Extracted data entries

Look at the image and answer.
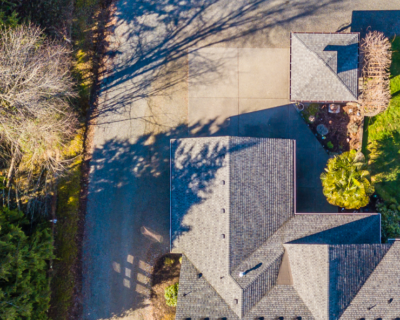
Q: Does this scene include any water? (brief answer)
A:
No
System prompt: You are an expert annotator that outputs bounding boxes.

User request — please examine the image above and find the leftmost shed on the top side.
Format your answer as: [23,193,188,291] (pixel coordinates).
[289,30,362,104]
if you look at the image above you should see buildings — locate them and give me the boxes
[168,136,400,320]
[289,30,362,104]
---
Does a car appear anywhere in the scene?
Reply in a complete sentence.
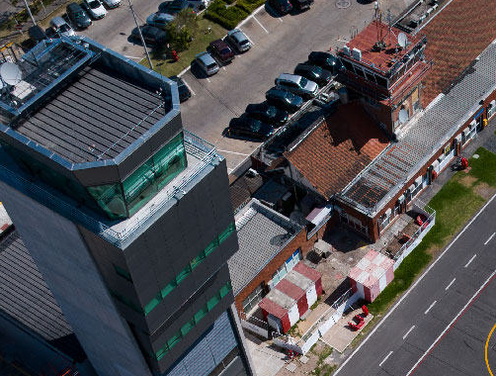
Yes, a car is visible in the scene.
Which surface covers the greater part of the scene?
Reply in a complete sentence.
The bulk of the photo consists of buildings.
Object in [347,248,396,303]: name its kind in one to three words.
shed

Requirement - Extract every line from the records above that contains the word "Does".

Finished task -
Q: Does this scene include any water? (brief answer)
Does a car appear anywhere in the scene?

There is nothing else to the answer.